The analyst said the move to fund the study should not be taken as a sign that the UN nuclear watchdog would end its investigation into a building bombed by Israeli planes last year that was said to be a covert nuclear reactor.



“It isn’t the end of the case,” he said, warning that there was still potential for a confrontation between Damascus and the IAEA.



“The agency might adopt the United States’ demand to inspect three allegedly suspicious locations inside Syria, which the government has so far refused to allow,” he said. “Such a move could lead to a crisis between Syria and the IAEA.”



A Damascus-based economist says the country has been planning to improve its energy-producing capacity for some time now.



Syria’s Nuclear Energy Committee has said previously that a need for nuclear energy will arise by 2018.



“We have been thinking about this option for a while, and it’s totally legal for Syria to think about ways to improve its economic future,” said the economist.



He explained that the country would soon find itself in need of alternatives to oil.

“Syria could become a net oil importer within a decade unless new oilfields are discovered,” he said. “Oil production reached about 600,000 barrels per day [bpd] in 1996, whereas now it is about 380,000 bpd.”



The London-based Oxford Business Group has forecast that Syrian oil production will fall by 7.9 per cent by the end of 2008, while in 2009 it will not exceed 350,000 bpd. “Oil has been the mainstay of the Syrian economy for over four decades, but production passed its peak of 610,000 barrels per day in 1995 and is now falling even more rapidly than had been forecast,” said a report by the group.



Oxford Business Group says Syria is now failing to meet the domestic demand for fuel.

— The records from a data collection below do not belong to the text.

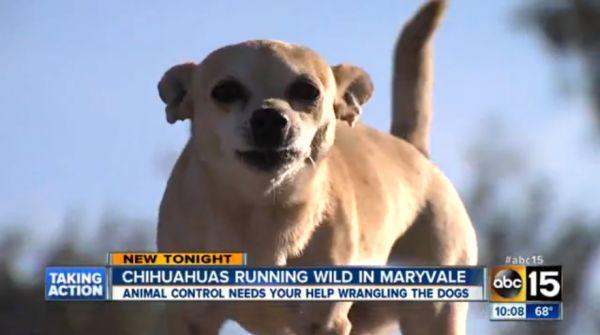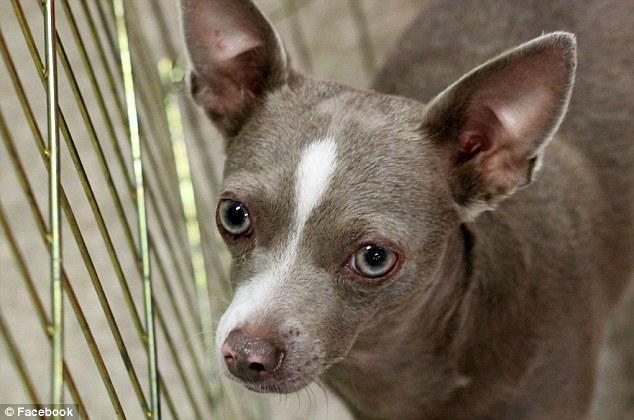The first image is the image on the left, the second image is the image on the right. Examine the images to the left and right. Is the description "An image contains a chihuahua snarling and showing its teeth." accurate? Answer yes or no. No. 
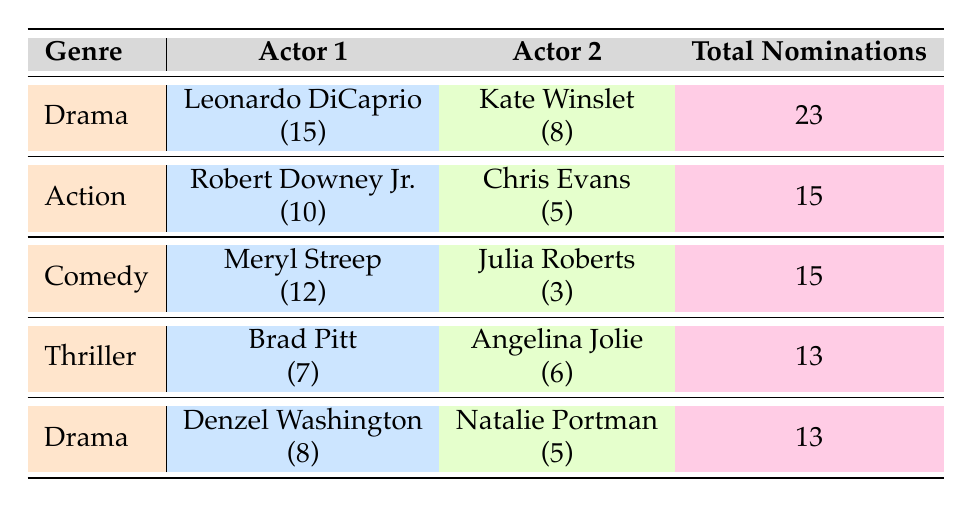What is the total number of award nominations for Leonardo DiCaprio and Kate Winslet in the Drama genre? The table lists Leonardo DiCaprio with 15 and Kate Winslet with 8 nominations. Adding these together gives 15 + 8 = 23 total nominations.
Answer: 23 Which actor has the highest number of award nominations in the table? Reviewing each actor's nominations: Leonardo DiCaprio has 15, Meryl Streep has 12, Robert Downey Jr. has 10, and others have less. Thus, Leonardo DiCaprio has the highest nominations at 15.
Answer: Leonardo DiCaprio Is there an actor from the Comedy genre with more than 10 award nominations? Looking at the Comedy genre, Meryl Streep has 12 nominations, which is more than 10. Therefore, the answer is yes.
Answer: Yes What is the difference in total award nominations between the Action genre and the Thriller genre? The total nominations for Action is 15 (Robert Downey Jr. and Chris Evans) and for Thriller is 13 (Brad Pitt and Angelina Jolie). The difference is 15 - 13 = 2.
Answer: 2 How many total nominations do the actors in Drama genre have? The Drama genre includes Leonardo DiCaprio with 15, Kate Winslet with 8, Denzel Washington with 8, and Natalie Portman with 5. Summing these gives 15 + 8 + 8 + 5 = 36.
Answer: 36 Which genre has the least total nominations among the pairs listed? Calculating the total nominations for each genre: Drama has 23 + 13 = 36, Action has 15, Comedy has 15, and Thriller has 13. The Thriller genre has the least total nominations.
Answer: Thriller Is Chris Evans’ award nomination count higher than Angelina Jolie’s? Chris Evans has 5 nominations, while Angelina Jolie has 6. Therefore, Chris Evans' count is not higher than Angelina Jolie’s.
Answer: No Who are the two actors with the most nominations in the table, and what is their total? The two highest are Leonardo DiCaprio with 15 and Meryl Streep with 12. Adding these gives 15 + 12 = 27.
Answer: 27 What is the average number of award nominations for the actors in the Comedy genre? In the Comedy genre, the nominations are 12 (Meryl Streep) and 3 (Julia Roberts). The average is calculated as (12 + 3) / 2 = 15 / 2 = 7.5.
Answer: 7.5

Some analysts argue that the country should first concentrate on maximising alternative sources of energy.



“We have bright sun throughout the year, we have wind energy, and Syrian gas production stands at about 22 million cubic metres daily and is expected to increase,” said the political analyst. “So we are not without alternatives.”



(Syria News Briefing, a weekly news analysis service, draws on information and opinion from a network of IWPR-trained Syrian journalists based in the country.)